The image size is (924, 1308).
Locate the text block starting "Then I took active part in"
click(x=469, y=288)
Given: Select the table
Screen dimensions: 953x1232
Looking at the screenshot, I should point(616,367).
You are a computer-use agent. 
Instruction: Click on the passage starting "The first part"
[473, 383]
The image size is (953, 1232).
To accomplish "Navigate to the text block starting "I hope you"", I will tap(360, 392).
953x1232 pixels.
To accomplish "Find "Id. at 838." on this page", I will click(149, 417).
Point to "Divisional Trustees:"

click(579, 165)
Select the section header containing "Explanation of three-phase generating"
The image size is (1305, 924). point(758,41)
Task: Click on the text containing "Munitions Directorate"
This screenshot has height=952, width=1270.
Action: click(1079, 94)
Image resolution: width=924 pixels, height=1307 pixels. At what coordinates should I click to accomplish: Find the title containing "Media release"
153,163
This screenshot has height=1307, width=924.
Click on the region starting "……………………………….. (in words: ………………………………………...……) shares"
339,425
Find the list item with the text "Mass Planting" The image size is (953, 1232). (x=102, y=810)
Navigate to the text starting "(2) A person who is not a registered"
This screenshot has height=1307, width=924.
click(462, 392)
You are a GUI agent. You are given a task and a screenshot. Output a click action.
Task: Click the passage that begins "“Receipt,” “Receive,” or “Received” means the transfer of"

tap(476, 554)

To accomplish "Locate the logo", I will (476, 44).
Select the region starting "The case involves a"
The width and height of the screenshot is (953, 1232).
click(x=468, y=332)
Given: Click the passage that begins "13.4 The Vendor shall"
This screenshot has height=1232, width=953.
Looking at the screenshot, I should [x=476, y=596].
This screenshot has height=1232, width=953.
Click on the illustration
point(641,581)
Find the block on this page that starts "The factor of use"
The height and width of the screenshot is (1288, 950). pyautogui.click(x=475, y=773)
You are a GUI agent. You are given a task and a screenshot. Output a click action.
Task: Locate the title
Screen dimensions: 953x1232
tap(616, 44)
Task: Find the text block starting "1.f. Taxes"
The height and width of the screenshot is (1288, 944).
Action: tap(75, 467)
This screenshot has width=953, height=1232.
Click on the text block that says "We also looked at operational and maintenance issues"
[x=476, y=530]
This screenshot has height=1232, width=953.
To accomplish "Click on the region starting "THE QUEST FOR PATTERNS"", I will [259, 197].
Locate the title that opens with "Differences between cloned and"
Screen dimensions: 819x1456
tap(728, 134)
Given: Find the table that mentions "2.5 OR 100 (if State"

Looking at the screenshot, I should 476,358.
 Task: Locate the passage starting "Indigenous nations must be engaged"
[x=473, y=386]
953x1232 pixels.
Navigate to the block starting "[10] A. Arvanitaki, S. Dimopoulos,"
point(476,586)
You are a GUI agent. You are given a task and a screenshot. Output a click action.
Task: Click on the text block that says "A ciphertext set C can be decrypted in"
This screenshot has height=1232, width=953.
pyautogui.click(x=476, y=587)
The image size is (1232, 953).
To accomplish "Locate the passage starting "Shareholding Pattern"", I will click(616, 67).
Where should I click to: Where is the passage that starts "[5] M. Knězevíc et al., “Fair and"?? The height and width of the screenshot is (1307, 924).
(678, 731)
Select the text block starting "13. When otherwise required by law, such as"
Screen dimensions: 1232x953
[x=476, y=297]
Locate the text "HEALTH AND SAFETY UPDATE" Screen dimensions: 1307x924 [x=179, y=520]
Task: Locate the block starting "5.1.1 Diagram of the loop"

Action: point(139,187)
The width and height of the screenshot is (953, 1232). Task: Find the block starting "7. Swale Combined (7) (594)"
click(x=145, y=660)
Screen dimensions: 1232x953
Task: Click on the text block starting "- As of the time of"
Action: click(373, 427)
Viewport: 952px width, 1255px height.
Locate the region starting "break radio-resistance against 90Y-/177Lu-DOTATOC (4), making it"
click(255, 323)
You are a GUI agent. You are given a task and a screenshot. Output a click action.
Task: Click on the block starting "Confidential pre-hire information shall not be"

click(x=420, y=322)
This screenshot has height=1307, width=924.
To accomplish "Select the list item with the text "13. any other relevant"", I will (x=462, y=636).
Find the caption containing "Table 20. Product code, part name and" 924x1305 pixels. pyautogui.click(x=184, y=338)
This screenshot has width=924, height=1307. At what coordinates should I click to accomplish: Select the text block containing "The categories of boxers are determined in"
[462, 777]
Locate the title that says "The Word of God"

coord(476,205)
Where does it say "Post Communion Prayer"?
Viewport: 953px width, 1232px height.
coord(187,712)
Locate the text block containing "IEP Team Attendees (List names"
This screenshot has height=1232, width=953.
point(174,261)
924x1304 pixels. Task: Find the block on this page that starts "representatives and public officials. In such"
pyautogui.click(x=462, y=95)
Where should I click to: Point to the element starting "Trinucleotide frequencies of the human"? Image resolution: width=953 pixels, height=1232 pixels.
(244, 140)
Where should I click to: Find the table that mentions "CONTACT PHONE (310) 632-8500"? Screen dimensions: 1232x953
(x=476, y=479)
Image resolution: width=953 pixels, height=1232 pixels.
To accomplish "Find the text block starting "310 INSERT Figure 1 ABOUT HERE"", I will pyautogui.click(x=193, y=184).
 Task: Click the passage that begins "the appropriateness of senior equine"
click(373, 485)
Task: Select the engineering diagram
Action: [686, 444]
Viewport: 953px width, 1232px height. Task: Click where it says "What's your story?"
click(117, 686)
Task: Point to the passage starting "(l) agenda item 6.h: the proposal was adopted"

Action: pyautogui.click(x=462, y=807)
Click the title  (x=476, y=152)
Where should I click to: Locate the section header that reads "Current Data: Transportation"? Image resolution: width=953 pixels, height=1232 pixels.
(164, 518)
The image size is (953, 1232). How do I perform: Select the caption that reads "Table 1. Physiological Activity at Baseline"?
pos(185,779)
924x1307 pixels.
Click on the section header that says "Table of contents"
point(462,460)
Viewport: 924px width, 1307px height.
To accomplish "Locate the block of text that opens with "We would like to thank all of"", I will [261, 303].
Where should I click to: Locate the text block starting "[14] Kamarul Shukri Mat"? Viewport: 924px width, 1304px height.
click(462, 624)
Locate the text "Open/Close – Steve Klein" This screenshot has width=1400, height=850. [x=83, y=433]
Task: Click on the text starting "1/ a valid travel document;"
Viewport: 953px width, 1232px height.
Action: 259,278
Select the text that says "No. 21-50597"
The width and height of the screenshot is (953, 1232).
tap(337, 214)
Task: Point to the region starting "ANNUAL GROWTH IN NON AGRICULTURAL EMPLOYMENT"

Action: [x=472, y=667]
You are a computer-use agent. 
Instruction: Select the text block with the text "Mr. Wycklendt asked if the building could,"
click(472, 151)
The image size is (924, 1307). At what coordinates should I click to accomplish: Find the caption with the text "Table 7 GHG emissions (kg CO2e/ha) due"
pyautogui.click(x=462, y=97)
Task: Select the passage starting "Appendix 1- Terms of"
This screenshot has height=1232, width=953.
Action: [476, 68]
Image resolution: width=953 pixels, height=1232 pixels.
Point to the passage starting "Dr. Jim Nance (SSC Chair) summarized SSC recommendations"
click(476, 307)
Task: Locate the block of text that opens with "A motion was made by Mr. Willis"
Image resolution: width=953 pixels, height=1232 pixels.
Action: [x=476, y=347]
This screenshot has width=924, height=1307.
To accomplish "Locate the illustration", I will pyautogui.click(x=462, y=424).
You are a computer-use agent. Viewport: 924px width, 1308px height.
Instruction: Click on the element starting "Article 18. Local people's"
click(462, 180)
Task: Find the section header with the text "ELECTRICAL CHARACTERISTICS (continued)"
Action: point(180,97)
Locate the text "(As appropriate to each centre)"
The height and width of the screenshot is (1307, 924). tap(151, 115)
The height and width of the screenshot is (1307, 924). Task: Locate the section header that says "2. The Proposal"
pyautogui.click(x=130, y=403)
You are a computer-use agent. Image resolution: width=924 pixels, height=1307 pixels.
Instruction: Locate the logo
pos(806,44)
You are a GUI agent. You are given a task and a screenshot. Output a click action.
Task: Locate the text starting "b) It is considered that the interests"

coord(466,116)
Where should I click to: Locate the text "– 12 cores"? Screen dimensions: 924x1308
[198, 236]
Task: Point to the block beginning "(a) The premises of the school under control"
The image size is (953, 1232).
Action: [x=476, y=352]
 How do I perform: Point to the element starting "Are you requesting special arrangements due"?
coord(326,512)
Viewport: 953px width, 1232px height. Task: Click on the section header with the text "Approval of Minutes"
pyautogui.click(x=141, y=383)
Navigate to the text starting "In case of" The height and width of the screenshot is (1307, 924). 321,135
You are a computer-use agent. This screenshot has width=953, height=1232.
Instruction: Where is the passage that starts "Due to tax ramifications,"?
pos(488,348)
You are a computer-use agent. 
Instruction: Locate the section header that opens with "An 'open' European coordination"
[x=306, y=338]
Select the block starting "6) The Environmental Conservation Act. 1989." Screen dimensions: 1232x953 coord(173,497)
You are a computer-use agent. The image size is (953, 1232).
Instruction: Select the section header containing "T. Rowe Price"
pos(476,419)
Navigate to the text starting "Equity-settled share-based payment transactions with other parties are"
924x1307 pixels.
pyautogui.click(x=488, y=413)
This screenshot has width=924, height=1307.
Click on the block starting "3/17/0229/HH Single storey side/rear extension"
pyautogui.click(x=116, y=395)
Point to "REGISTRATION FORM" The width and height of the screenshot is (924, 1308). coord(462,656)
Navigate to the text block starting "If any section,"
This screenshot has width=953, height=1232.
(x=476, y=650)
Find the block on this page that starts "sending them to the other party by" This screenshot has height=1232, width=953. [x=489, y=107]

Work to be completed: Work out the count of lines in the data above containing the string "computer". Give it alone.

Response for this exercise: 7